Volvemos a Puigdemont. La oracular demoscopia se inclina por un meritorio segundo lugar en el podio. A ERC, los augurios le pronostican un tibio resultado. Si el independentismo sumase, algo que no está nada claro, le costaría olvidar la deslealtad de Junts cuando les dejó tirados al Govern, fruto de la anterior deslealtad de los republicanos en octubre del 2017: las monedas de oro y todo aquello . Y así podríamos ir retrocediendo, de deslealtad en deslealtad, hasta los orígenes del catalanismo político, o más allá, a las divisiones entre los austracistas de 1700. Porque si se trata de invocar en 1714, ¡alerta!, que eso también fue un heroico batiburrillo suicida. Bandosidades, personalismos, visceralidad. Vista así, la cosa quizás no tendría fin. La historia debe saberse bien, claro, sobre todo para no repetirla.

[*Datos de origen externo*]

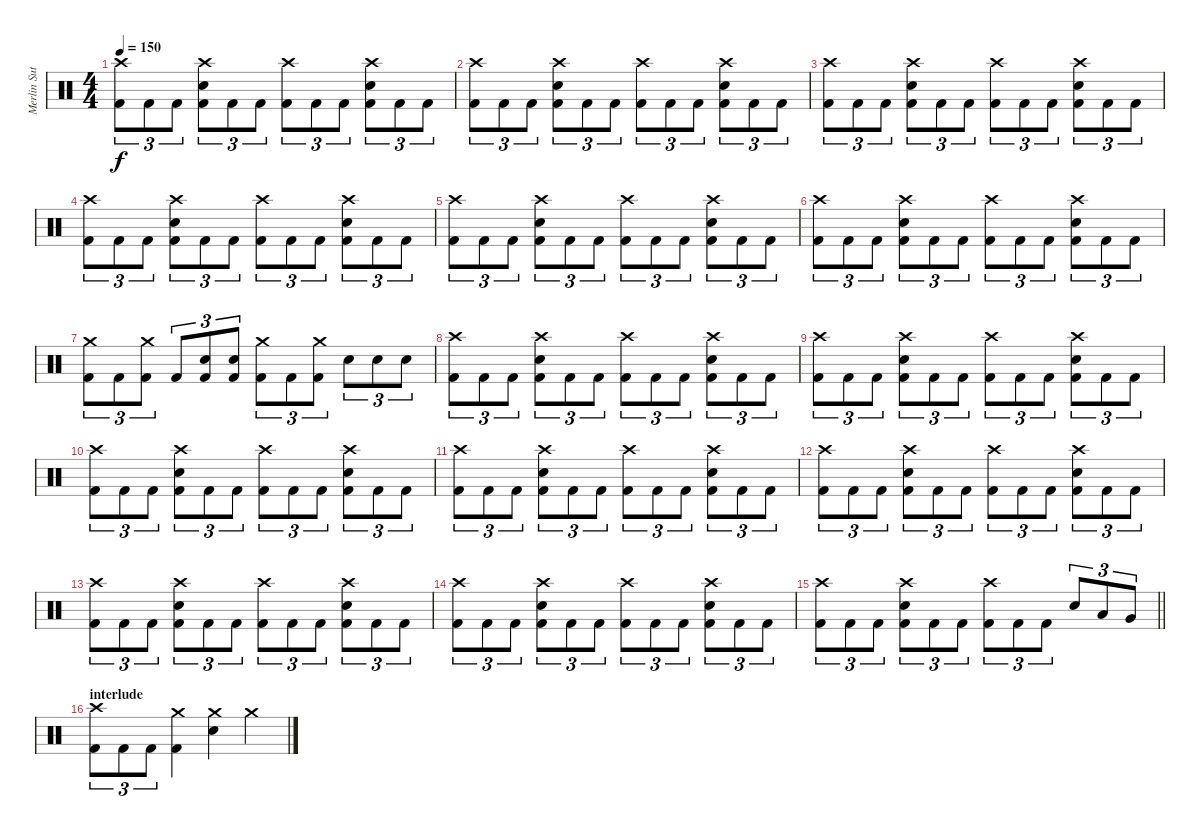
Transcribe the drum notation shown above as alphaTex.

\track ("Merlin Sutter" "Merlin Sut") {instrument percussion}
\staff {score}
\articulation defaults
\ts (4 4)
\tempo 150
\clef neutral
\ks c
("Crash high (hit)" "Kick (hit) 2").8{tu (3 2) dy f} "Kick (hit) 2".8{tu (3 2)} "Kick (hit) 2".8{tu (3 2)} ("Crash high (hit)" "Snare (hit) 2" "Kick (hit) 2").8{tu (3 2)} "Kick (hit) 2".8{tu (3 2)} "Kick (hit) 2".8{tu (3 2)} ("Crash high (hit)" "Kick (hit) 2").8{tu (3 2)} "Kick (hit) 2".8{tu (3 2)} "Kick (hit) 2".8{tu (3 2)} ("Crash high (hit)" "Snare (hit) 2" "Kick (hit) 2").8{tu (3 2)} "Kick (hit) 2".8{tu (3 2)} "Kick (hit) 2".8{tu (3 2)} |
("Crash high (hit)" "Kick (hit) 2").8{tu (3 2)} "Kick (hit) 2".8{tu (3 2)} "Kick (hit) 2".8{tu (3 2)} ("Crash high (hit)" "Snare (hit) 2" "Kick (hit) 2").8{tu (3 2)} "Kick (hit) 2".8{tu (3 2)} "Kick (hit) 2".8{tu (3 2)} ("Crash high (hit)" "Kick (hit) 2").8{tu (3 2)} "Kick (hit) 2".8{tu (3 2)} "Kick (hit) 2".8{tu (3 2)} ("Crash high (hit)" "Snare (hit) 2" "Kick (hit) 2").8{tu (3 2)} "Kick (hit) 2".8{tu (3 2)} "Kick (hit) 2".8{tu (3 2)} |
("Crash high (hit)" "Kick (hit) 2").8{tu (3 2)} "Kick (hit) 2".8{tu (3 2)} "Kick (hit) 2".8{tu (3 2)} ("Crash high (hit)" "Snare (hit) 2" "Kick (hit) 2").8{tu (3 2)} "Kick (hit) 2".8{tu (3 2)} "Kick (hit) 2".8{tu (3 2)} ("Crash high (hit)" "Kick (hit) 2").8{tu (3 2)} "Kick (hit) 2".8{tu (3 2)} "Kick (hit) 2".8{tu (3 2)} ("Crash high (hit)" "Snare (hit) 2" "Kick (hit) 2").8{tu (3 2)} "Kick (hit) 2".8{tu (3 2)} "Kick (hit) 2".8{tu (3 2)} |
("Crash high (hit)" "Kick (hit) 2").8{tu (3 2)} "Kick (hit) 2".8{tu (3 2)} "Kick (hit) 2".8{tu (3 2)} ("Crash high (hit)" "Snare (hit) 2" "Kick (hit) 2").8{tu (3 2)} "Kick (hit) 2".8{tu (3 2)} "Kick (hit) 2".8{tu (3 2)} ("Crash high (hit)" "Kick (hit) 2").8{tu (3 2)} "Kick (hit) 2".8{tu (3 2)} "Kick (hit) 2".8{tu (3 2)} ("Crash high (hit)" "Snare (hit) 2" "Kick (hit) 2").8{tu (3 2)} "Kick (hit) 2".8{tu (3 2)} "Kick (hit) 2".8{tu (3 2)} |
("Crash high (hit)" "Kick (hit) 2").8{tu (3 2)} "Kick (hit) 2".8{tu (3 2)} "Kick (hit) 2".8{tu (3 2)} ("Crash high (hit)" "Snare (hit) 2" "Kick (hit) 2").8{tu (3 2)} "Kick (hit) 2".8{tu (3 2)} "Kick (hit) 2".8{tu (3 2)} ("Crash high (hit)" "Kick (hit) 2").8{tu (3 2)} "Kick (hit) 2".8{tu (3 2)} "Kick (hit) 2".8{tu (3 2)} ("Crash high (hit)" "Snare (hit) 2" "Kick (hit) 2").8{tu (3 2)} "Kick (hit) 2".8{tu (3 2)} "Kick (hit) 2".8{tu (3 2)} |
("Crash high (hit)" "Kick (hit) 2").8{tu (3 2)} "Kick (hit) 2".8{tu (3 2)} "Kick (hit) 2".8{tu (3 2)} ("Crash high (hit)" "Snare (hit) 2" "Kick (hit) 2").8{tu (3 2)} "Kick (hit) 2".8{tu (3 2)} "Kick (hit) 2".8{tu (3 2)} ("Crash high (hit)" "Kick (hit) 2").8{tu (3 2)} "Kick (hit) 2".8{tu (3 2)} "Kick (hit) 2".8{tu (3 2)} ("Crash high (hit)" "Snare (hit) 2" "Kick (hit) 2").8{tu (3 2)} "Kick (hit) 2".8{tu (3 2)} "Kick (hit) 2".8{tu (3 2)} |
("Crash medium (hit)" "Kick (hit) 2").8{tu (3 2)} "Kick (hit) 2".8{tu (3 2)} ("Crash medium (hit)" "Kick (hit) 2").8{tu (3 2)} "Kick (hit) 2".8{tu (3 2)} ("Snare (hit) 2" "Kick (hit) 2").8{tu (3 2)} ("Snare (hit) 2" "Kick (hit) 2").8{tu (3 2)} ("Crash medium (hit)" "Kick (hit) 2").8{tu (3 2)} "Kick (hit) 2".8{tu (3 2)} ("Crash medium (hit)" "Kick (hit) 2").8{tu (3 2)} "Snare (hit) 2".8{tu (3 2)} "Snare (hit) 2".8{tu (3 2)} "Snare (hit) 2".8{tu (3 2)} |
("Crash high (hit)" "Kick (hit) 2").8{tu (3 2)} "Kick (hit) 2".8{tu (3 2)} "Kick (hit) 2".8{tu (3 2)} ("Crash high (hit)" "Snare (hit) 2" "Kick (hit) 2").8{tu (3 2)} "Kick (hit) 2".8{tu (3 2)} "Kick (hit) 2".8{tu (3 2)} ("Crash high (hit)" "Kick (hit) 2").8{tu (3 2)} "Kick (hit) 2".8{tu (3 2)} "Kick (hit) 2".8{tu (3 2)} ("Crash high (hit)" "Snare (hit) 2" "Kick (hit) 2").8{tu (3 2)} "Kick (hit) 2".8{tu (3 2)} "Kick (hit) 2".8{tu (3 2)} |
("Crash high (hit)" "Kick (hit) 2").8{tu (3 2)} "Kick (hit) 2".8{tu (3 2)} "Kick (hit) 2".8{tu (3 2)} ("Crash high (hit)" "Snare (hit) 2" "Kick (hit) 2").8{tu (3 2)} "Kick (hit) 2".8{tu (3 2)} "Kick (hit) 2".8{tu (3 2)} ("Crash high (hit)" "Kick (hit) 2").8{tu (3 2)} "Kick (hit) 2".8{tu (3 2)} "Kick (hit) 2".8{tu (3 2)} ("Crash high (hit)" "Snare (hit) 2" "Kick (hit) 2").8{tu (3 2)} "Kick (hit) 2".8{tu (3 2)} "Kick (hit) 2".8{tu (3 2)} |
("Crash high (hit)" "Kick (hit) 2").8{tu (3 2)} "Kick (hit) 2".8{tu (3 2)} "Kick (hit) 2".8{tu (3 2)} ("Crash high (hit)" "Snare (hit) 2" "Kick (hit) 2").8{tu (3 2)} "Kick (hit) 2".8{tu (3 2)} "Kick (hit) 2".8{tu (3 2)} ("Crash high (hit)" "Kick (hit) 2").8{tu (3 2)} "Kick (hit) 2".8{tu (3 2)} "Kick (hit) 2".8{tu (3 2)} ("Crash high (hit)" "Snare (hit) 2" "Kick (hit) 2").8{tu (3 2)} "Kick (hit) 2".8{tu (3 2)} "Kick (hit) 2".8{tu (3 2)} |
("Crash high (hit)" "Kick (hit) 2").8{tu (3 2)} "Kick (hit) 2".8{tu (3 2)} "Kick (hit) 2".8{tu (3 2)} ("Crash high (hit)" "Snare (hit) 2" "Kick (hit) 2").8{tu (3 2)} "Kick (hit) 2".8{tu (3 2)} "Kick (hit) 2".8{tu (3 2)} ("Crash high (hit)" "Kick (hit) 2").8{tu (3 2)} "Kick (hit) 2".8{tu (3 2)} "Kick (hit) 2".8{tu (3 2)} ("Crash high (hit)" "Snare (hit) 2" "Kick (hit) 2").8{tu (3 2)} "Kick (hit) 2".8{tu (3 2)} "Kick (hit) 2".8{tu (3 2)} |
("Crash high (hit)" "Kick (hit) 2").8{tu (3 2)} "Kick (hit) 2".8{tu (3 2)} "Kick (hit) 2".8{tu (3 2)} ("Crash high (hit)" "Snare (hit) 2" "Kick (hit) 2").8{tu (3 2)} "Kick (hit) 2".8{tu (3 2)} "Kick (hit) 2".8{tu (3 2)} ("Crash high (hit)" "Kick (hit) 2").8{tu (3 2)} "Kick (hit) 2".8{tu (3 2)} "Kick (hit) 2".8{tu (3 2)} ("Crash high (hit)" "Snare (hit) 2" "Kick (hit) 2").8{tu (3 2)} "Kick (hit) 2".8{tu (3 2)} "Kick (hit) 2".8{tu (3 2)} |
("Crash high (hit)" "Kick (hit) 2").8{tu (3 2)} "Kick (hit) 2".8{tu (3 2)} "Kick (hit) 2".8{tu (3 2)} ("Crash high (hit)" "Snare (hit) 2" "Kick (hit) 2").8{tu (3 2)} "Kick (hit) 2".8{tu (3 2)} "Kick (hit) 2".8{tu (3 2)} ("Crash high (hit)" "Kick (hit) 2").8{tu (3 2)} "Kick (hit) 2".8{tu (3 2)} "Kick (hit) 2".8{tu (3 2)} ("Crash high (hit)" "Snare (hit) 2" "Kick (hit) 2").8{tu (3 2)} "Kick (hit) 2".8{tu (3 2)} "Kick (hit) 2".8{tu (3 2)} |
("Crash high (hit)" "Kick (hit) 2").8{tu (3 2)} "Kick (hit) 2".8{tu (3 2)} "Kick (hit) 2".8{tu (3 2)} ("Crash high (hit)" "Snare (hit) 2" "Kick (hit) 2").8{tu (3 2)} "Kick (hit) 2".8{tu (3 2)} "Kick (hit) 2".8{tu (3 2)} ("Crash high (hit)" "Kick (hit) 2").8{tu (3 2)} "Kick (hit) 2".8{tu (3 2)} "Kick (hit) 2".8{tu (3 2)} ("Crash high (hit)" "Snare (hit) 2" "Kick (hit) 2").8{tu (3 2)} "Kick (hit) 2".8{tu (3 2)} "Kick (hit) 2".8{tu (3 2)} |
\barLineRight lightlight
("Crash high (hit)" "Kick (hit) 2").8{tu (3 2)} "Kick (hit) 2".8{tu (3 2)} "Kick (hit) 2".8{tu (3 2)} ("Crash high (hit)" "Snare (hit) 2" "Kick (hit) 2").8{tu (3 2)} "Kick (hit) 2".8{tu (3 2)} "Kick (hit) 2".8{tu (3 2)} ("Crash high (hit)" "Kick (hit) 2").8{tu (3 2)} "Kick (hit) 2".8{tu (3 2)} "Kick (hit) 2".8{tu (3 2)} "Snare (hit) 2".8{tu (3 2)} "Low Tom (hit)".8{tu (3 2)} "Very Low Tom (hit)".8{tu (3 2)} |
\section ("" "interlude")
("Crash high (hit)" "Kick (hit) 2").8{tu (3 2)} "Kick (hit) 2".8{tu (3 2)} "Kick (hit) 2".8{tu (3 2)} ("Crash medium (hit)" "Kick (hit) 2").4 ("Crash medium (hit)" "Snare (hit) 2").4 "Crash medium (hit)".4

¿Y la razón?, se preguntará. Ahora que celebramos el 300 aniversario del nacimiento de Immanuel Kant, estaría bien ceñirnos un poco a la razón, aunque sea impura: con sus límites, con su subjetividad. Pero razón al fin y al cabo. Sólo sería necesario un cierto sentido de realidad. Un mínimo aterrizaje. Dejar un poco en reposo la emoción heroica. Con pequeñas grandes verdades razonables se puede ir muy lejos.

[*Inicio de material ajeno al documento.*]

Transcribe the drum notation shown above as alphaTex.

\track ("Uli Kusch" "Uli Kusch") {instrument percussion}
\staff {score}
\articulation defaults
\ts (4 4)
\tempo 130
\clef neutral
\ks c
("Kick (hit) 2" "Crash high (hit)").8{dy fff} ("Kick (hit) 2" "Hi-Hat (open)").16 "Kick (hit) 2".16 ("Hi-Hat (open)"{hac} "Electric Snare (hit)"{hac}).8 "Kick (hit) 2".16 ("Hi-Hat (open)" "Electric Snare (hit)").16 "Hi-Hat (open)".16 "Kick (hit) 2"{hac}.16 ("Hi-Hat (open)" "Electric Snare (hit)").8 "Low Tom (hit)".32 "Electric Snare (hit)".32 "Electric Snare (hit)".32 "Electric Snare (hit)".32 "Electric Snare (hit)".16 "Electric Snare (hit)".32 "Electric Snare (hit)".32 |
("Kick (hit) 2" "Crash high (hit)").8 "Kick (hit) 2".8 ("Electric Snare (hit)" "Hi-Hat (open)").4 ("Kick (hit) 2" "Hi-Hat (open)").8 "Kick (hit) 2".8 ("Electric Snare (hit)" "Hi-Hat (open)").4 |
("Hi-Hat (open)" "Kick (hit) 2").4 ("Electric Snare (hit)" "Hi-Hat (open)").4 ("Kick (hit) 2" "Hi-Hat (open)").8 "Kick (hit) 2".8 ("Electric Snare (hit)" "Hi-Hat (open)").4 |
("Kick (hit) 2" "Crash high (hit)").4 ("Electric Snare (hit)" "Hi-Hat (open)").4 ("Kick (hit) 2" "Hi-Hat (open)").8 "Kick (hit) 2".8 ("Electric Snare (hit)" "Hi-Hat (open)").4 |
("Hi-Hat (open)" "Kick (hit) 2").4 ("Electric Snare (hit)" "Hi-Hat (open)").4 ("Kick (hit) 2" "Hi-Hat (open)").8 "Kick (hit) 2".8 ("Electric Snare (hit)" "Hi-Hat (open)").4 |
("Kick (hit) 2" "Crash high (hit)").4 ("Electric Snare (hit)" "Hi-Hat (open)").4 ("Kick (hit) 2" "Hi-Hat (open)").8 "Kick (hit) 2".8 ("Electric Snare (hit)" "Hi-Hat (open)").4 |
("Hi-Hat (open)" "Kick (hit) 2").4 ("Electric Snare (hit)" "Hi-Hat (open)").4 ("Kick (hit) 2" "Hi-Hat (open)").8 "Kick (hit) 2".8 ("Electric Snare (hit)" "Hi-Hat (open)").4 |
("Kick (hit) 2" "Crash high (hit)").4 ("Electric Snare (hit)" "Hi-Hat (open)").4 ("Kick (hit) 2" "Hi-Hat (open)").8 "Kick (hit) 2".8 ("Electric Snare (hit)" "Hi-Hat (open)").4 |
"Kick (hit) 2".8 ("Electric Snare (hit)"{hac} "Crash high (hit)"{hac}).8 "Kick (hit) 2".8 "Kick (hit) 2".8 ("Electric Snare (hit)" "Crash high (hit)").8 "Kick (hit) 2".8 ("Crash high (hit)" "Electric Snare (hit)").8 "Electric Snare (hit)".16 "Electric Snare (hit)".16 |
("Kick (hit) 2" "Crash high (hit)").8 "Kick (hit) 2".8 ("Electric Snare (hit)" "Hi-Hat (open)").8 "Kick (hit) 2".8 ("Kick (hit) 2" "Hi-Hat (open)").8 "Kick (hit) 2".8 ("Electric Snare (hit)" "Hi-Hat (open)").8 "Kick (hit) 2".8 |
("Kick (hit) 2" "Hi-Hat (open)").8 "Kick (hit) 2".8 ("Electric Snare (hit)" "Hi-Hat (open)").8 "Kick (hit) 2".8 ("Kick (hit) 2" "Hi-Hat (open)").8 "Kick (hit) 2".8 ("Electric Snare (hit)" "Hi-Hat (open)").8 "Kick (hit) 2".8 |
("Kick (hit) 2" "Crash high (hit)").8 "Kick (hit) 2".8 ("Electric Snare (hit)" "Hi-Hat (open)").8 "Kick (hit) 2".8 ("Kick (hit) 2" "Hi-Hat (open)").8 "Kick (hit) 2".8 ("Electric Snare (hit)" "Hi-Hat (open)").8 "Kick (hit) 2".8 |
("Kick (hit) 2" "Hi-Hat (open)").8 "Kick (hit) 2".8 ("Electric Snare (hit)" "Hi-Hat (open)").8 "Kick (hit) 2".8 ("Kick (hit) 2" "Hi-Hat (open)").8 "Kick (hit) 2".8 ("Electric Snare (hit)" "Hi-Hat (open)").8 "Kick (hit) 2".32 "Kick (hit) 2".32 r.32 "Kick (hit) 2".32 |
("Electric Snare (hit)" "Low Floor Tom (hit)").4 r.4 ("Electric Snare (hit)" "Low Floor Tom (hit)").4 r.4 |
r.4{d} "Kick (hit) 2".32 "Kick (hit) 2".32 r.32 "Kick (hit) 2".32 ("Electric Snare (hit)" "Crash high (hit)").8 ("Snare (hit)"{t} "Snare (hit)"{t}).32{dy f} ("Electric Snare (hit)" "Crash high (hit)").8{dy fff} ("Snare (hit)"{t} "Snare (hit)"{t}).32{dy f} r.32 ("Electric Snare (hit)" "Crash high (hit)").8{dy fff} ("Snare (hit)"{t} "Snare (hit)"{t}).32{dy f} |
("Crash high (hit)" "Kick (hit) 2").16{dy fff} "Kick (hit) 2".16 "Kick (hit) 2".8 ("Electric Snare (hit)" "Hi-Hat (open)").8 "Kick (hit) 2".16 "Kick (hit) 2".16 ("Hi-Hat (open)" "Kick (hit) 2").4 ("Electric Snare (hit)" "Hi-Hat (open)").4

Puigdemont tiene unos catalanes emocionados, pero tiene también un montón en contra. Genera tantas ilusiones como anticuerpos. No supo ser el presidente exiliado de todos, el que encarnara la defensa de la democracia, del país, de la unidad civil. El denominador común, el espíritu del 3 de octubre. Tenía y tiene motivos de agravio. Pero con esto no se adelanta. Éste es su problema, el problema del independentismo en general, que sigue cabreado y dolido, y probablemente el de Cataluña en su conjunto. El victimismo es una caída de tono, una losa.

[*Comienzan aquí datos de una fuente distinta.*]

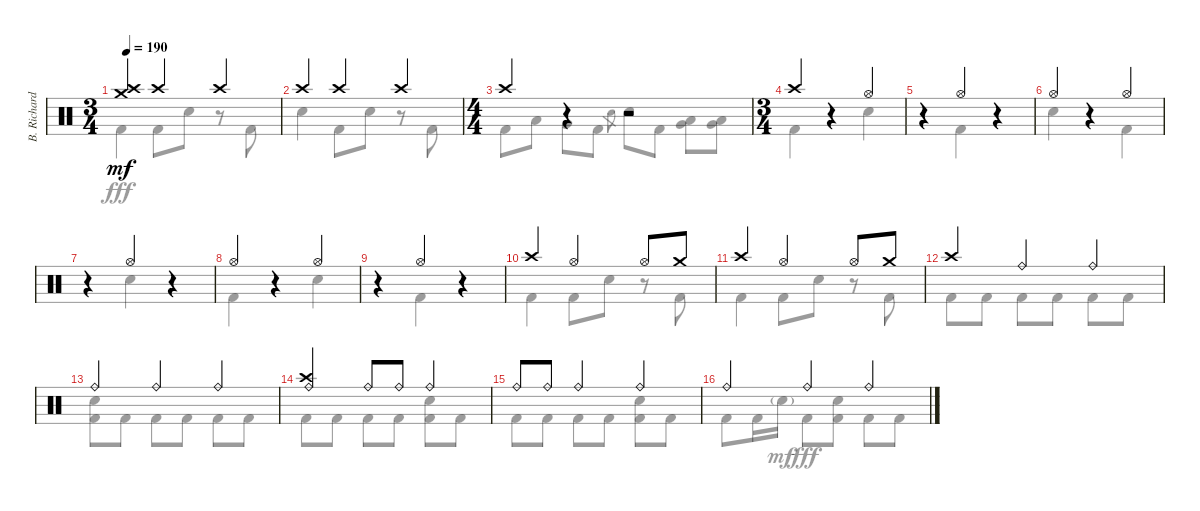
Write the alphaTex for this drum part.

\track ("B. Richardson Drums" "B. Richard") {instrument percussion}
\staff {score}
\articulation defaults
\voice
\ts (3 4)
\tempo 190
\clef neutral
\ks c
("Crash high (hit)" "Crash medium (hit)").4{dy mf} "Crash high (hit)".4 "Crash high (hit)".4 |
"Crash high (hit)".4 "Crash high (hit)".4 "Crash high (hit)".4 |
\ts (4 4)
"Crash high (hit)".4 r.4 r.2 |
\ts (3 4)
"Crash high (hit)".4 r.4 "Hi-Hat (open)".4 |
r.4 "Hi-Hat (open)".4 r.4 |
"Hi-Hat (open)".4 r.4 "Hi-Hat (open)".4 |
r.4 "Hi-Hat (open)".4 r.4 |
"Hi-Hat (open)".4 r.4 "Hi-Hat (open)".4 |
r.4 "Hi-Hat (open)".4 r.4 |
"Crash high (hit)".4 "Hi-Hat (open)".4 "Hi-Hat (open)".8 "Crash medium (hit)".8 |
"Crash high (hit)".4 "Hi-Hat (open)".4 "Hi-Hat (open)".8 "Crash medium (hit)".8 |
"Crash high (hit)".4 "Ride (bell)".4 "Ride (bell)".4 |
"Ride (bell)".4 "Ride (bell)".4 "Ride (bell)".4 |
("Crash high (hit)" "Ride (bell)").4 "Ride (bell)".8 "Ride (bell)".8 "Ride (bell)".4 |
"Ride (bell)".8 "Ride (bell)".8 "Ride (bell)".4 "Ride (bell)".4 |
"Ride (bell)".4 "Ride (bell)".4 "Ride (bell)".4
\voice
\clef neutral
\ottava regular
\simile none
\ks c "Kick (hit) 2".4{dy fff} "Kick (hit) 2".8 "Electric Snare (hit)".8
r.8 "Kick (hit) 2".8 |
"Electric Snare (hit)".4 "Kick (hit) 2".8 "Electric Snare (hit)".8 r.8 "Kick (hit) 2".8 |
"Kick (hit) 2".8 "Low Tom (hit)".8 "Very Low Tom (hit)".8 "Kick (hit) 2".8 "Electric Snare (hit)".8{gr} "Electric Snare (hit)".8 "Kick (hit) 2".8 ("Low Tom (hit)" "Very Low Tom (hit)").8 ("Low Tom (hit)" "Very Low Tom (hit)").8 |
"Kick (hit) 2".4 r.4 "Electric Snare (hit)".4 |
r.4 "Kick (hit) 2".4 r.4 |
"Electric Snare (hit)".4 r.4 "Kick (hit) 2".4 |
r.4 "Electric Snare (hit)".4 r.4 |
"Kick (hit) 2".4 r.4 "Electric Snare (hit)".4 |
r.4 "Kick (hit) 2".4 r.4 |
"Kick (hit) 2".4 "Kick (hit) 2".8 "Electric Snare (hit)".8 r.8 "Kick (hit) 2".8 |
"Kick (hit) 2".4 "Kick (hit) 2".8 "Electric Snare (hit)".8 r.8 "Kick (hit) 2".8 |
"Kick (hit) 2".8 "Kick (hit) 2".8 "Kick (hit) 2".8 "Kick (hit) 2".8 "Kick (hit) 2".8 "Kick (hit) 2".8 |
("Electric Snare (hit)" "Kick (hit) 2").8 "Kick (hit) 2".8 "Kick (hit) 2".8 "Kick (hit) 2".8 "Kick (hit) 2".8 "Kick (hit) 2".8 |
"Kick (hit) 2".8 "Kick (hit) 2".8 "Kick (hit) 2".8 "Kick (hit) 2".8 ("Electric Snare (hit)" "Kick (hit) 2").8 "Kick (hit) 2".8 |
"Kick (hit) 2".8 "Kick (hit) 2".8 "Kick (hit) 2".8 "Kick (hit) 2".8 ("Electric Snare (hit)" "Kick (hit) 2").8 "Kick (hit) 2".8 |
"Kick (hit) 2".8 "Kick (hit) 2".16 "Electric Snare (hit)"{g}.16{dy mf} "Kick (hit) 2".8{dy fff} ("Electric Snare (hit)" "Kick (hit) 2").8 "Kick (hit) 2".8 "Kick (hit) 2".8

En un país tan diverso, tan plural, con tantos agravios y arrugas en la piel, la única salida es pasar página. No me refiero a lo que dice Isla, que ciertamente es un señor pragmático, centrado, camboniano, sino a lo que han hecho los vascos, que finalmente, después de décadas atascados en la violencia y el odio engorros, han encontrado la fórmula: paz social , autogobierno absoluto, dinero, independencia de facto, lengua, progreso económico, diálogo. Más que verdades y grandes ideales, hechos. Hechos tangibles. Hechos soberanos.

Puigdemont es todavía un líder fruto de la guerra civil dentro del independentismo y espejo de una Cataluña de buenos y malos. Isla es su réplica de orden. Y Aragonés es una tercera vía empañada por la polarización. Con estos liderazgos heridos, reactivos o nublados, éstas serán unas elecciones de transición. Aún no son las buenas. Habrá que esperar. Habrá que votar, claro. Pero paciencia. Y cruzamos los dedos para que mientras esperamos un futuro más claro sepan ponerse de acuerdo para gobernar. Porque la vida sigue y los problemas (o, en la versión optimista: los retos) se acumulan.